A network-ready command-line chat client for Ollama servers. Connect to local or remote Ollama instances from any machine on your network.

ollama-cli

Quick Start

Installation

Install directly from PyPI:

pip install ollama-remote-chat-cli

Run the client:

orc

Or use the full command:

ollama-remote-chat-cli

First Run Setup

The first time you run orc, a setup wizard will guide you through:

  1. Configuring your Ollama server URL
  2. Selecting your preferred model
  3. Setting up your preferences
orc
# Follow the interactive setup wizard

One-Shot Mode (CLI Arguments)

Run queries directly from the command line without entering the interactive shell:

# Direct query
orc "Explain quantum physics in 10 words"

# Pipe content (e.g., summarize a file)
cat README.md | orc "Summarize this file"

# Use specific model and system prompt
orc "Who are you?" -m llama2 -s "You are a pirate"

Features

  • 🌐 Network-ready - Connect to local or remote Ollama servers

  • 🔐 Authentication - Support for Bearer tokens and Basic Auth for secured instances

  • 👁️ Multimodal - Chat with images using vision models (Llava, Llama 3.2-Vision, Qwen2-VL, etc.)

  • 📚 RAG Support - Ingest and chat with your own text documents (Retrieval-Augmented Generation)

  • 🎨 Retro terminal UI - Clean, colorful command-line interface with dynamic spinner messages

  • 🧹 Smart screen clearing - /clear and /new preserve header while clearing chat history

  • 🎨 Rich markdown rendering - Beautiful syntax highlighting and formatting

  • 🧠 Thinking process support - See how reasoning models think (DeepSeek R1, QwQ, etc.)

  • 📝 Chat history - Full session management with search functionality

  • ⚙️ Inference control - Configurable temperature, top_p, context window, and more

  • 📊 Real-time metrics - Token usage, thinking metrics, and generation speed

  • 🔄 Model management - Easy switching, pulling, and deletion of models

  • 🔍 History search - Search through past conversations

  • 💻 System monitoring - View running models and memory usage

  • 🔒 Secure configuration - XDG-compliant storage and .env support

  • 🐛 Error Logging - Detailed logs in debug.log for troubleshooting.


Requirements

  • Python 3.7 or higher

  • Ollama server (local or remote)

  • Required packages: requests, python-dotenv, wcwidth, rich


Connection Methods

Authentication

If your Ollama server is behind a reverse proxy (Nginx, Apache, Cloudflare Tunnel) that requires credentials, you can configure them using the /auth command.
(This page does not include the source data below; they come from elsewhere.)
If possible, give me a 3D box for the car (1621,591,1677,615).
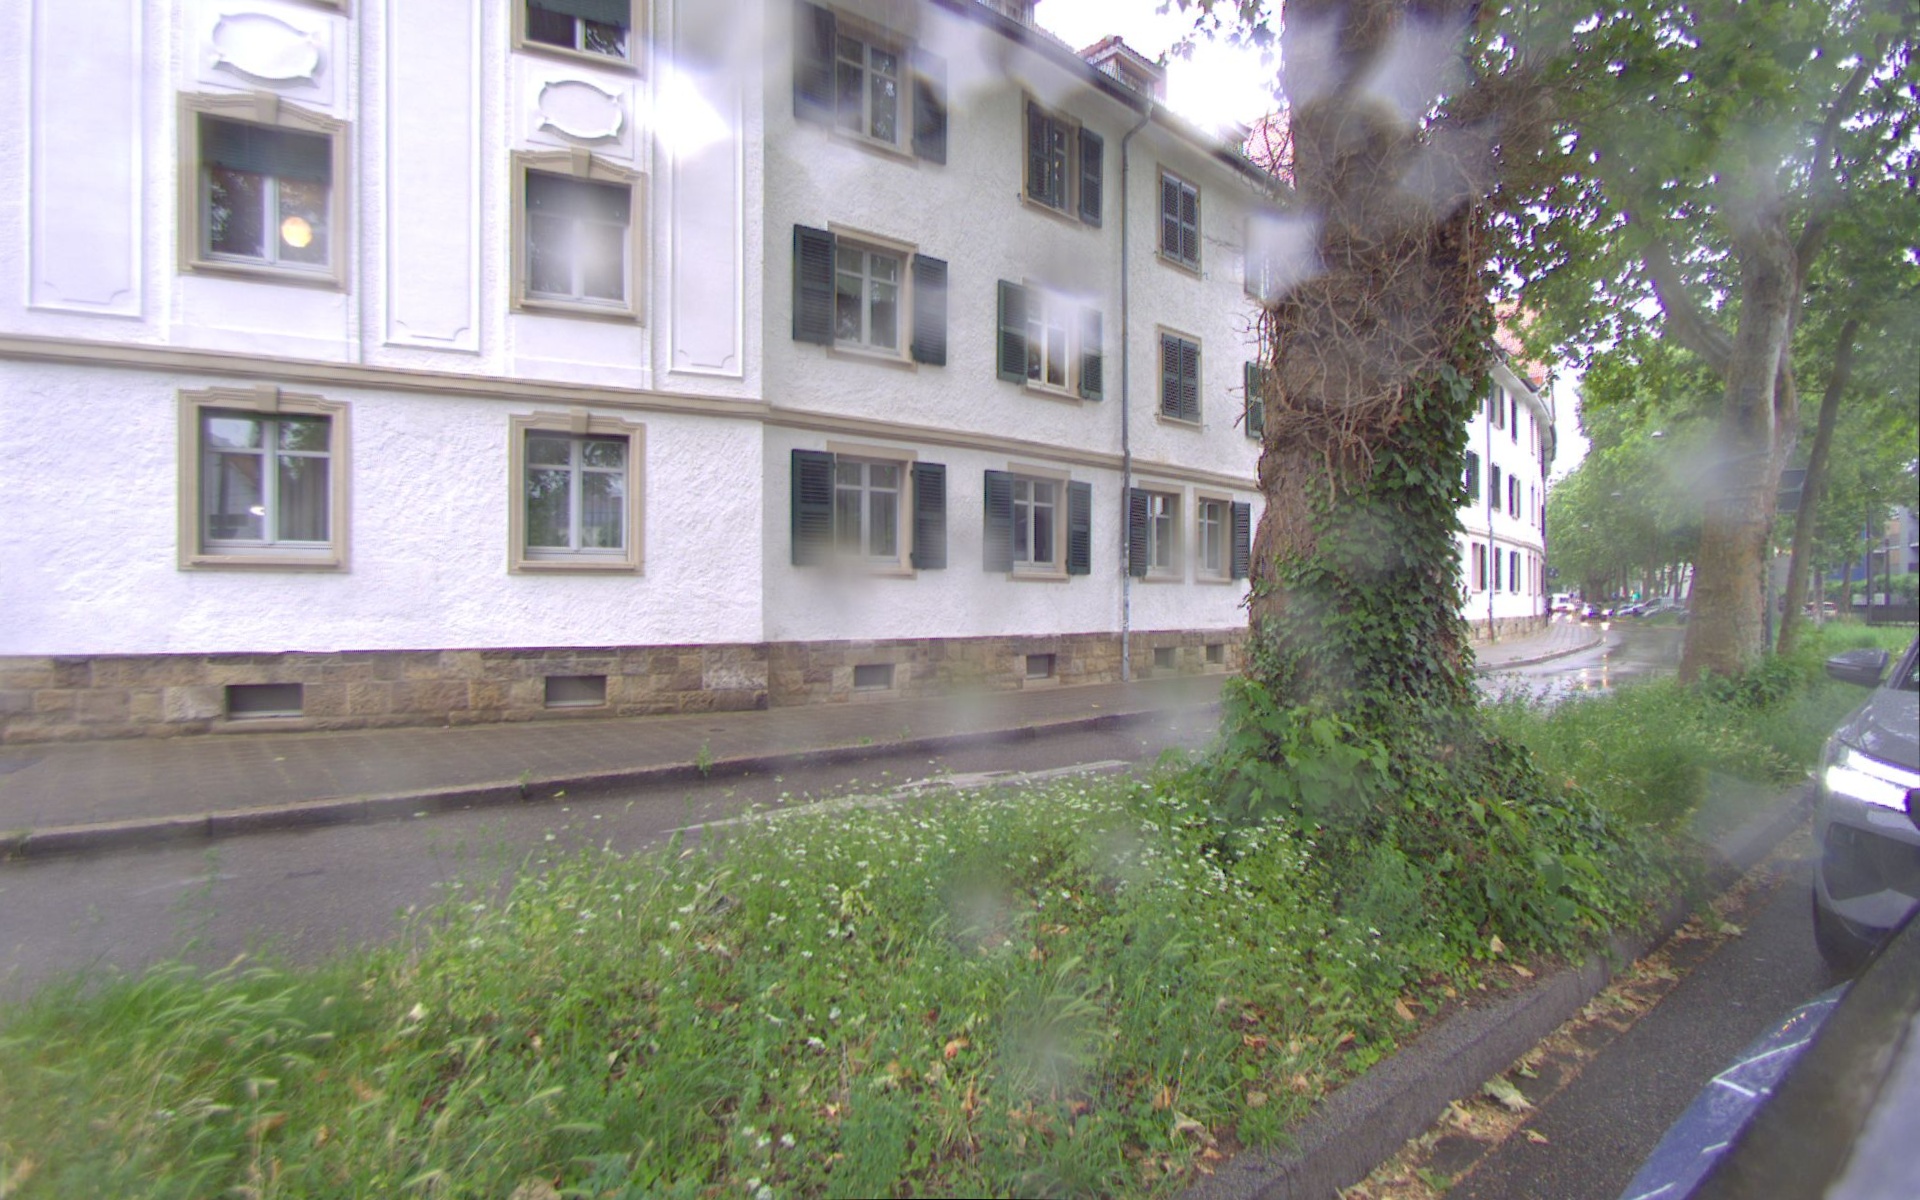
[{"bbox_3d":[60.769,0.276,89.297,3.969,2.039,1.977,0,-1,32],"label":"car"}]

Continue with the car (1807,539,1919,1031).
[{"bbox_3d":[5.150,0.614,4.323,4.039,1.662,1.913,0,0,-44],"label":"car"}]

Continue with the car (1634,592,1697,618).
[{"bbox_3d":[55.908,0.377,80.313,3.969,2.039,1.977,0,-1,32],"label":"car"}]

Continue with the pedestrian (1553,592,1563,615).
[{"bbox_3d":[48.212,0.294,81.609,0.668,1.845,0.672,0,0,31],"label":"pedestrian"}]

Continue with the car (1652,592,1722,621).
[{"bbox_3d":[52.642,0.462,73.407,3.969,2.039,1.977,0,-1,32],"label":"car"}]

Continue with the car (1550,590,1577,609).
[{"bbox_3d":[73.799,-0.050,123.860,2.173,2.292,5.367,0,0,24],"label":"car"}]
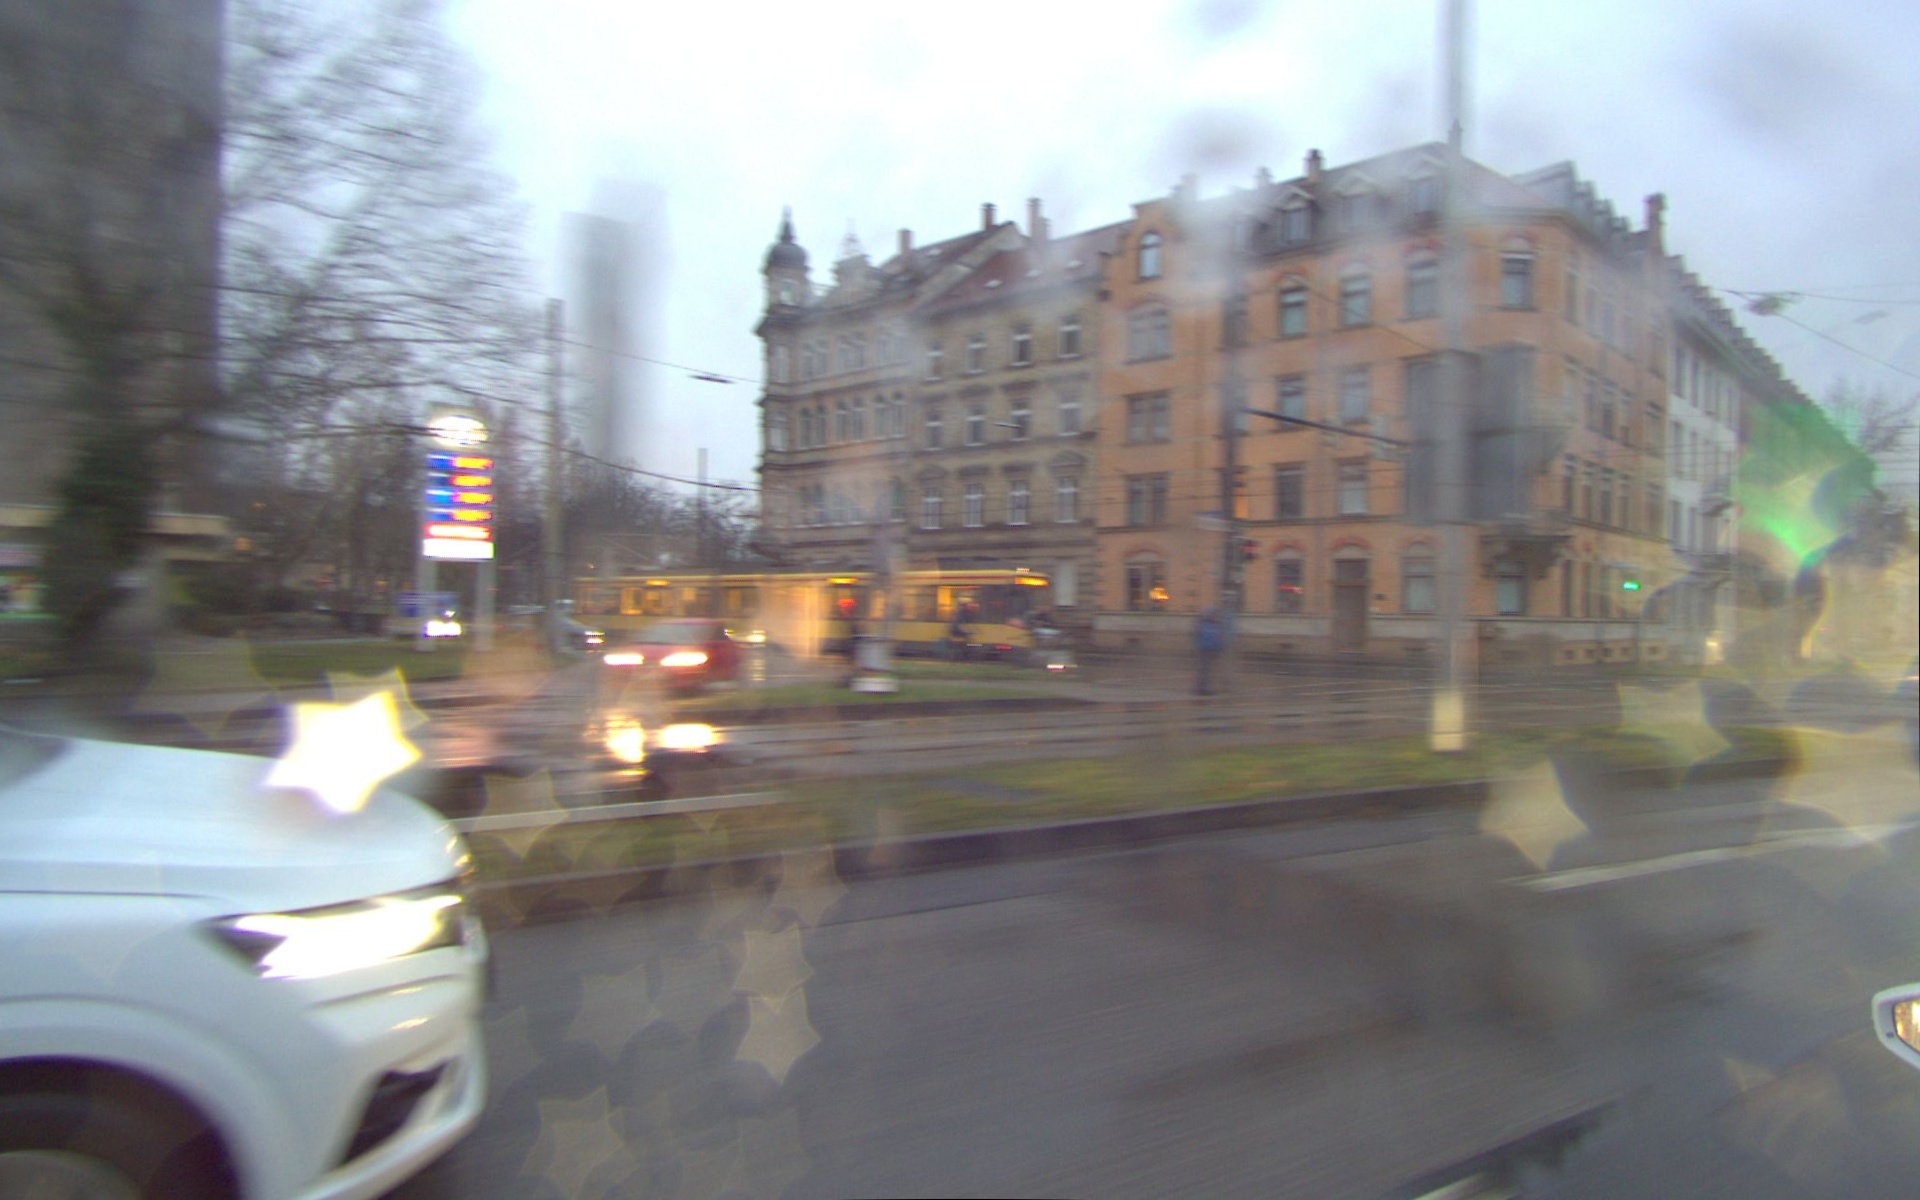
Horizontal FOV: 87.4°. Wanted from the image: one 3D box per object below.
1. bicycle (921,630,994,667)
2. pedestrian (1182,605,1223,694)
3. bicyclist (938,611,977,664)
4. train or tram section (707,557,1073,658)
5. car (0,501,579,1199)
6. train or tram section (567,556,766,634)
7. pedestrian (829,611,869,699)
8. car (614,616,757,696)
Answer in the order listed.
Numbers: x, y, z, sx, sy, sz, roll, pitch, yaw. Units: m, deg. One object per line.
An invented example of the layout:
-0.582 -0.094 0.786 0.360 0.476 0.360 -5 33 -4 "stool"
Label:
-0.075 1.319 27.557 1.946 0.912 0.506 1 0 20 "bicycle"
4.934 1.001 20.477 0.619 1.795 0.466 2 0 -22 "pedestrian"
-0.065 1.027 27.554 0.950 1.409 0.506 1 0 20 "bicyclist"
-3.387 0.056 38.499 16.054 3.231 3.156 2 0 39 "train or tram section"
-2.888 0.586 1.726 3.955 1.507 1.617 1 -1 -32 "car"
-13.958 -0.308 46.957 10.977 3.280 3.156 2 0 39 "train or tram section"
-2.366 1.158 21.371 0.617 1.816 0.530 1 0 35 "pedestrian"
-5.641 1.104 21.146 1.616 1.469 3.853 2 -1 5 "car"

  • Bearer Token: Used for API key authentication.

  • Basic Auth: Used for Username/Password authentication.

  • Security: Credentials are stored in your local configuration file.

Method 1: Local Connection (Default)

Ollama running on the same machine:

OLLAMA_HOST=http://localhost:11434
OLLAMA_MODEL=llama2

Setup:

  1. Install Ollama from ollama.ai
  2. Run: ollama serve
  3. Pull a model: ollama pull llama2

Method 2: Hostname Connection (.local / mDNS)

Connect to another computer on your local network:

OLLAMA_HOST=http://my-computer.local:11434
OLLAMA_MODEL=llama3.3

Setup:

  1. Find your server's hostname:

    • Windows: hostname in CMD
    • Mac: System Preferences → Sharing → Computer Name
    • Linux: hostname in terminal
  2. Ensure mDNS/Bonjour is enabled:

  3. Test: ping my-computer.local

  4. Configure firewall to allow port 11434


Method 3: Static IP Address

For computers with fixed network IPs:

OLLAMA_HOST=http://192.168.1.100:11434
OLLAMA_MODEL=mistral

Setup:

  1. Set static IP on your Ollama server

  2. Find IP address:

    • Windows: ipconfig
    • Mac: ifconfig en0 | grep inet
    • Linux: ip addr show
  3. Configure firewall to allow port 11434


Method 4: Docker

Ollama running in a Docker container:

OLLAMA_HOST=http://localhost:11434
OLLAMA_MODEL=llama2

Docker setup:

docker run -d -p 11434:11434 --name ollama ollama/ollama
docker exec -it ollama ollama pull llama2

Method 5: WSL (Windows Subsystem for Linux)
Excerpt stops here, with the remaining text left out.